Sacred architecture

Tabb examines Rothko Chapel,
Chapel of Notre Dame du Haut

In a March 1, 2005 lecture at the Rothko Chapel in Houston, Texas, Phillip J. Tabb, professor and head of the Department of Architecture at Texas A&M University will examine the characteristics and symbolic meanings of two architectural landmarks — the Rothko Chapel and the Chapel of Notre Dame du Haut in Ronchamps, France. The presentation is slated for 7:30 p.m.

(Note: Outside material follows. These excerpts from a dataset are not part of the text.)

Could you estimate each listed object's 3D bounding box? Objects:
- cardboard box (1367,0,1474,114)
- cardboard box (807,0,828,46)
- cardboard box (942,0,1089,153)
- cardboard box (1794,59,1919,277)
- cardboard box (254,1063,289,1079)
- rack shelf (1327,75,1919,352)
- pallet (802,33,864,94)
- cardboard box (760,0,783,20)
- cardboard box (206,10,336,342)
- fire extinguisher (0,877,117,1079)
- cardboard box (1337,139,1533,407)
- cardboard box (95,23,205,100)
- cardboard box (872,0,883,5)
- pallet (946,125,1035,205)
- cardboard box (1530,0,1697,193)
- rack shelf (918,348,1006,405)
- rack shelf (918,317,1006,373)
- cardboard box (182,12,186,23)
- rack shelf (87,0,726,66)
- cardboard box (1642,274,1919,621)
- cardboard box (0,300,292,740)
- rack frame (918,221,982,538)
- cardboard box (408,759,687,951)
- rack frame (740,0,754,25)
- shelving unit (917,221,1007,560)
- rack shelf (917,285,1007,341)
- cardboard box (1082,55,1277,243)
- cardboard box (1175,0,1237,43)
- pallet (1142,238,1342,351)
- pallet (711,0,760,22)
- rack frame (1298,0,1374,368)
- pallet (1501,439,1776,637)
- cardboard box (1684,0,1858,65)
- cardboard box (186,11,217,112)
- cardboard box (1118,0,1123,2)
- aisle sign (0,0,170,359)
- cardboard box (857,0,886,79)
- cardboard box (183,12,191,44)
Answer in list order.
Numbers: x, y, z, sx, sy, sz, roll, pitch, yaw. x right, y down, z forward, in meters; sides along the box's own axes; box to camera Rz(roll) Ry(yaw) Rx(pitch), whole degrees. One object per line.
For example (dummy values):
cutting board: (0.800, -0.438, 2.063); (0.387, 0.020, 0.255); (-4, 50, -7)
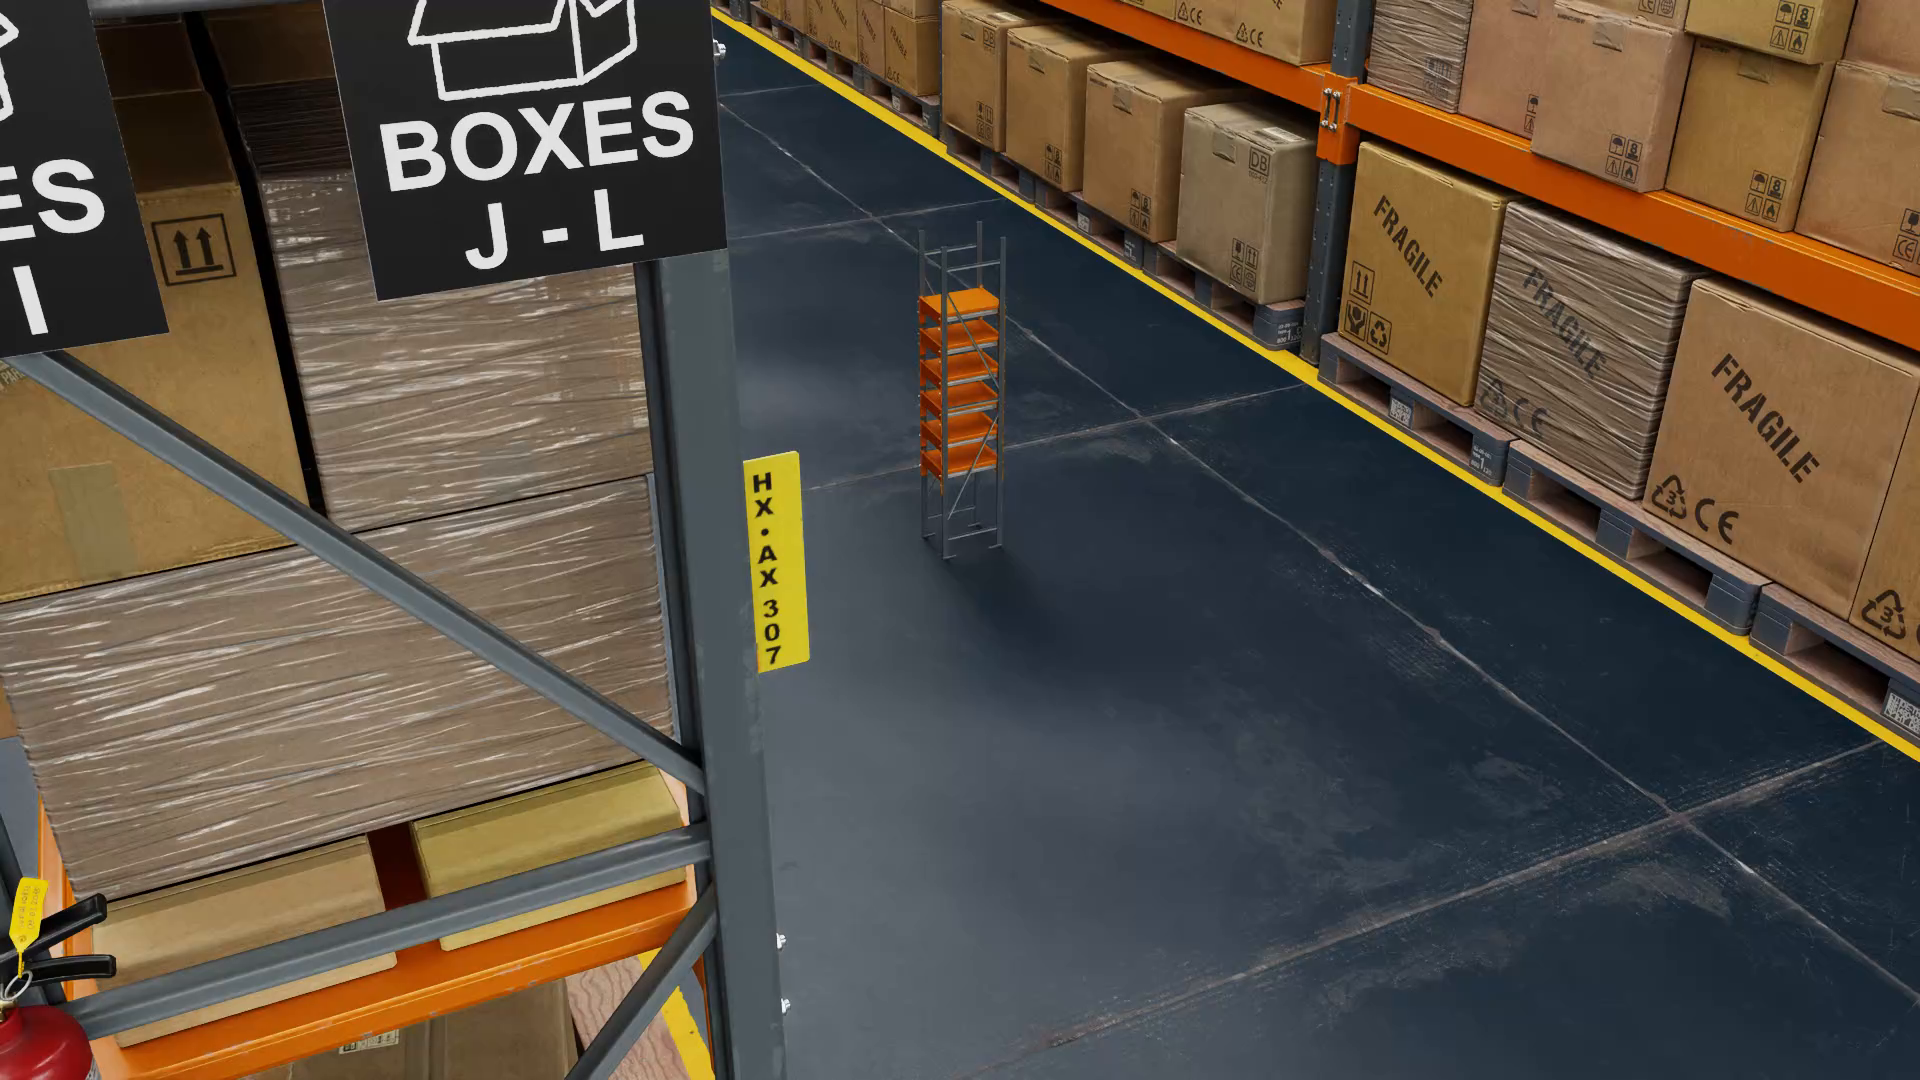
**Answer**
cardboard box: (2.228, -2.141, 6.848); (0.875, 0.550, 0.550); (-13, 32, -22)
cardboard box: (-0.832, -4.019, 12.476); (0.500, 0.500, 0.500); (-13, 32, -21)
cardboard box: (0.522, -2.917, 10.256); (1.050, 0.750, 0.750); (-14, 32, -23)
cardboard box: (3.193, -1.201, 5.172); (0.875, 0.550, 0.550); (-13, 32, -22)
cardboard box: (-1.287, 0.899, 3.707); (0.500, 0.500, 0.500); (-5, 30, -9)
rack shelf: (2.918, -1.039, 5.771); (1.077, 0.370, 4.000); (-13, 32, -22)
pallet: (-0.512, -3.670, 12.580); (1.003, 0.211, 1.213); (-13, 32, -22)
cardboard box: (-1.298, -4.481, 13.300); (0.500, 0.500, 0.500); (-12, 31, -20)
cardboard box: (-0.945, -0.604, 2.832); (0.500, 0.500, 0.500); (-13, 32, -22)
fire extinguisher: (-1.114, 0.709, 1.998); (0.296, 0.674, 0.183); (-13, 32, -22)
cardboard box: (2.266, -1.200, 7.066); (0.875, 0.875, 0.875); (-13, 32, -21)
cardboard box: (-1.426, -0.493, 2.633); (0.500, 0.500, 0.500); (-13, 32, -22)
cardboard box: (-0.415, -3.891, 11.481); (0.500, 0.250, 0.500); (-13, 32, -21)
pallet: (0.612, -2.423, 10.355); (1.003, 0.211, 1.213); (-13, 32, -22)
cardboard box: (2.610, -1.640, 5.954); (0.875, 0.550, 0.550); (-13, 32, -22)
rack shelf: (0.006, -0.583, 5.908); (0.258, 0.103, 0.180); (-13, 32, -22)
rack shelf: (0.006, -0.688, 5.849); (0.258, 0.103, 0.180); (-13, 32, -22)
cardboard box: (-1.845, -0.936, 3.425); (0.500, 0.500, 0.500); (-13, 32, -22)
rack shelf: (-1.605, -1.350, 3.260); (1.077, 0.370, 4.000); (-13, 32, -22)
cardboard box: (3.046, -0.399, 5.639); (0.875, 0.875, 0.875); (-14, 32, -23)
cardboard box: (-1.281, -0.090, 2.937); (0.875, 0.500, 0.500); (-13, 32, -22)
rack frame: (-0.033, -0.557, 6.017); (0.240, 1.200, 0.006); (-13, 32, -22)
cardboard box: (-0.654, 0.461, 2.617); (0.380, 0.149, 0.250); (-13, 32, -22)
rack frame: (-1.375, -5.770, 13.473); (1.000, 3.000, 0.127); (-13, 32, -22)
shelving unit: (0.006, -0.517, 5.945); (0.258, 1.200, 0.189); (-13, 32, -22)
rack shelf: (0.006, -0.792, 5.791); (0.258, 0.103, 0.180); (-13, 32, -22)
cardboard box: (1.301, -2.120, 8.835); (1.050, 0.750, 0.750); (-13, 32, -22)
cardboard box: (1.377, -2.677, 7.855); (0.500, 0.500, 0.500); (-13, 32, -23)
pallet: (1.660, -1.345, 8.432); (1.003, 0.211, 1.213); (-13, 32, -22)
pallet: (-1.696, -4.843, 14.671); (1.003, 0.211, 1.213); (-13, 32, -22)
rack frame: (2.059, -2.236, 7.171); (1.000, 3.000, 0.127); (-13, 32, -22)
pallet: (2.843, -0.128, 6.262); (1.003, 0.211, 1.213); (-13, 32, -22)
cardboard box: (2.870, -1.884, 5.285); (0.875, 0.550, 0.500); (-13, 32, -22)
cardboard box: (-1.381, -1.044, 3.617); (0.500, 0.500, 0.500); (-13, 32, -22)
cardboard box: (0.940, -3.124, 8.652); (0.500, 0.500, 0.500); (-13, 32, -22)
aisle sign: (-0.991, -0.516, 1.445); (0.394, 0.787, 0.004); (-13, 32, -22)
cardboard box: (-0.396, -3.562, 11.661); (0.500, 0.500, 0.500); (-12, 31, -20)
cardboard box: (-1.806, -1.487, 4.407); (0.500, 0.500, 0.500); (-13, 32, -22)

Revered for more than a half century, the Chapel of Notre Dame du Haut, designed by renowned architect Le Corbusier, is widely regarded as one of the most important examples of modern architecture. Perched on a commanding hill above the village of Ronchamp, France, the chapel is a pilgrimage destination for devout Catholics and architects alike. Recent research, Tabb says, indicates that the building may be imbued with celestial programs that are played out in both the integral Cubist art and the inspired architecture of the chapel itself.

The Rothko Chapel, inspired by and housing the paintings of American abstract expressionist Mark Rothko, is viewed with equal affection. The structure celebrates and embodies terrestrial, rather than celestial, moments that emanate a grounded sense of quiet and inner focus. A modern meditative environment, the chapel serves as an intimate sanctuary to thousands of visitors of every faith each year.

A design educator for 20 years, Tabb’s expertise lies in sustainable community design and sacred organizational patterns. He has taught at numerous institutions across the western United States, Nova Scotia and London. At the college, Tabb is a founding fellow of the Sustainable Urbanism Certificate Program and is a principal planner for the Serenbe communities near Atlanta, Ga., which integrate sacred organizational field geometry with community planning.

Tabb is also a founding director of the Academy for Sacred Architectural Studies, a non-profit corporation in Colorado focused on organizing a set of alternative educational programs currently not available in conventional architectural instructional settings. The focus of study is on the perennial wisdom found in the world's major traditions, and how they embody sacred and archetypal principles that can be integral to architecture and planning disciplines.

A practicing, registered architect for 25 years, Tabb has worked in his own practice on numerous projects that integrated sacred concepts, such as the Celestial Seasonings Herb Tea Headquarters Building, the Rolf Institute Headquarters Building, and the Stetson Healing Studio.